• **WHAT IS EXPECTED**: Identify all lines of the data containing the string "Parigi" and copy them.

• **SUPPLIED MATERIAL**:
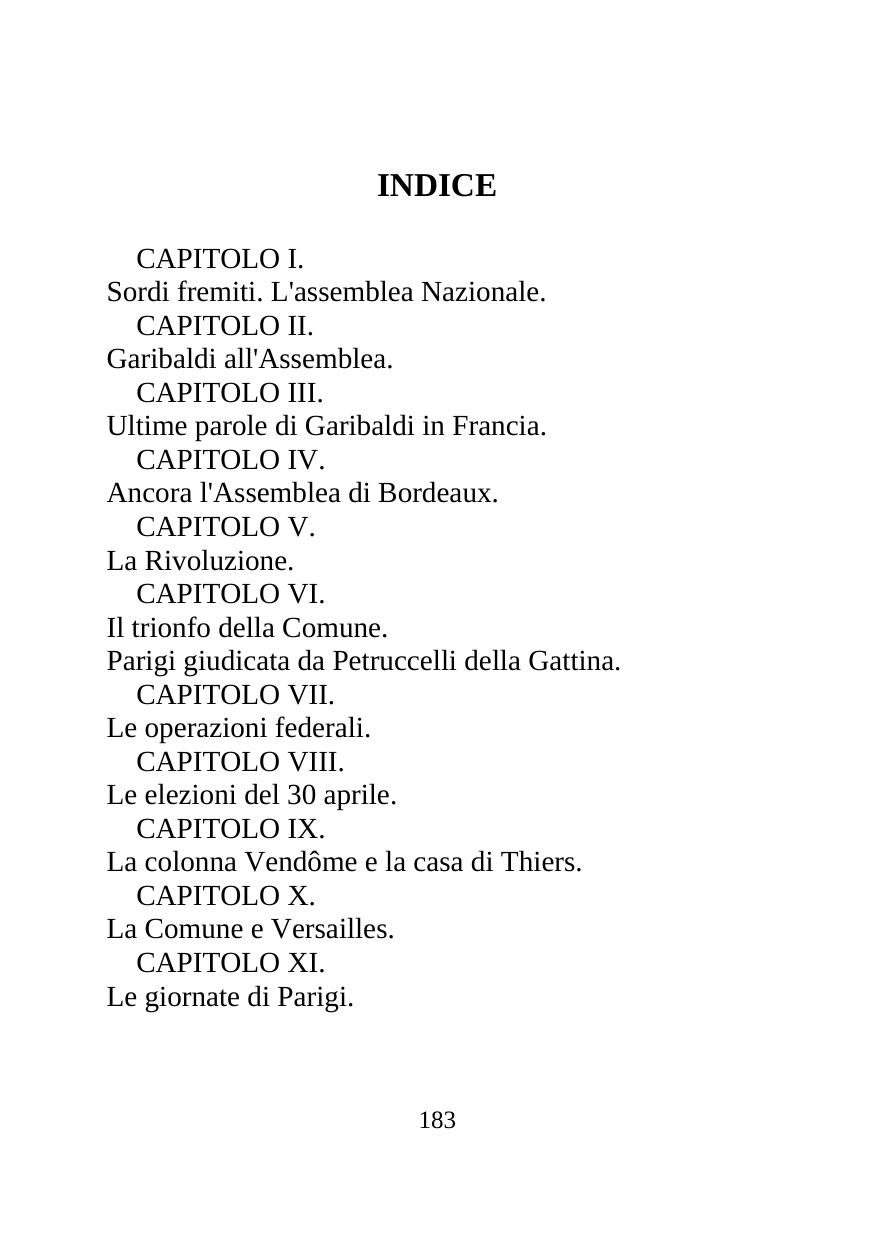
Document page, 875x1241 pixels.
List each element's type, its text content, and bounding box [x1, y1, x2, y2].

text CAPITOLO VI. Il trionfo della Comune. Parigi giudicata da Petruccelli della Gattina. [106, 576, 768, 677]
text CAPITOLO XI. Le giornate di Parigi. [106, 945, 768, 1012]
text CAPITOLO X. La Comune e Versailles. [106, 878, 768, 945]
subtitle INDICE [106, 165, 768, 203]
text CAPITOLO V. La Rivoluzione. [106, 509, 768, 576]
text CAPITOLO III. Ultime parole di Garibaldi in Francia. [106, 375, 768, 442]
text CAPITOLO I. Sordi fremiti. L'assemblea Nazionale. [106, 241, 768, 308]
text CAPITOLO VIII. Le elezioni del 30 aprile. [106, 744, 768, 811]
text CAPITOLO IV. Ancora l'Assemblea di Bordeaux. [106, 442, 768, 509]
text CAPITOLO VII. Le operazioni federali. [106, 677, 768, 744]
text CAPITOLO II. Garibaldi all'Assemblea. [106, 308, 768, 375]
text CAPITOLO IX. La colonna Vendôme e la casa di Thiers. [106, 811, 768, 878]
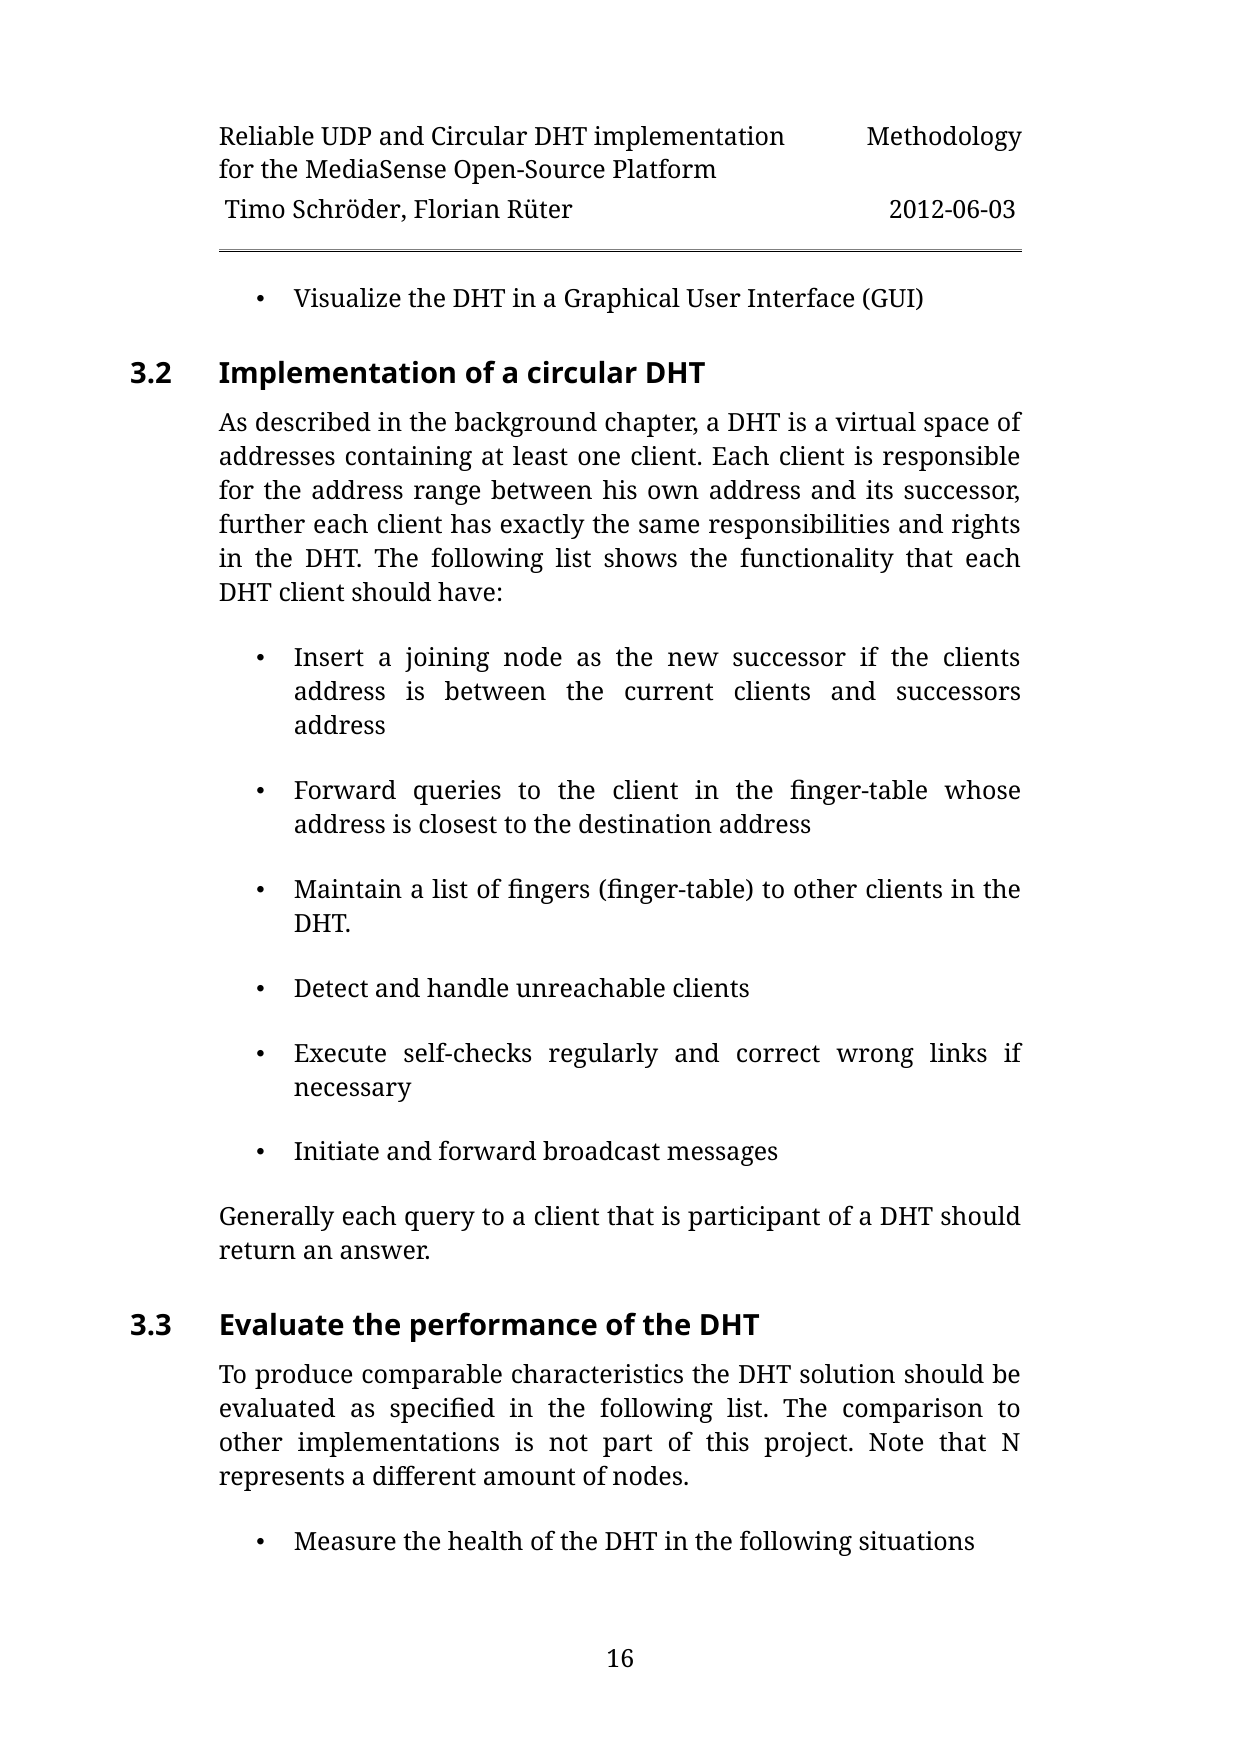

• **EXPECTED OUTPUT**:
text CAPITOLO VI. Il trionfo della Comune. Parigi giudicata da Petruccelli della Gattina. [106, 576, 768, 677]
text CAPITOLO XI. Le giornate di Parigi. [106, 945, 768, 1012]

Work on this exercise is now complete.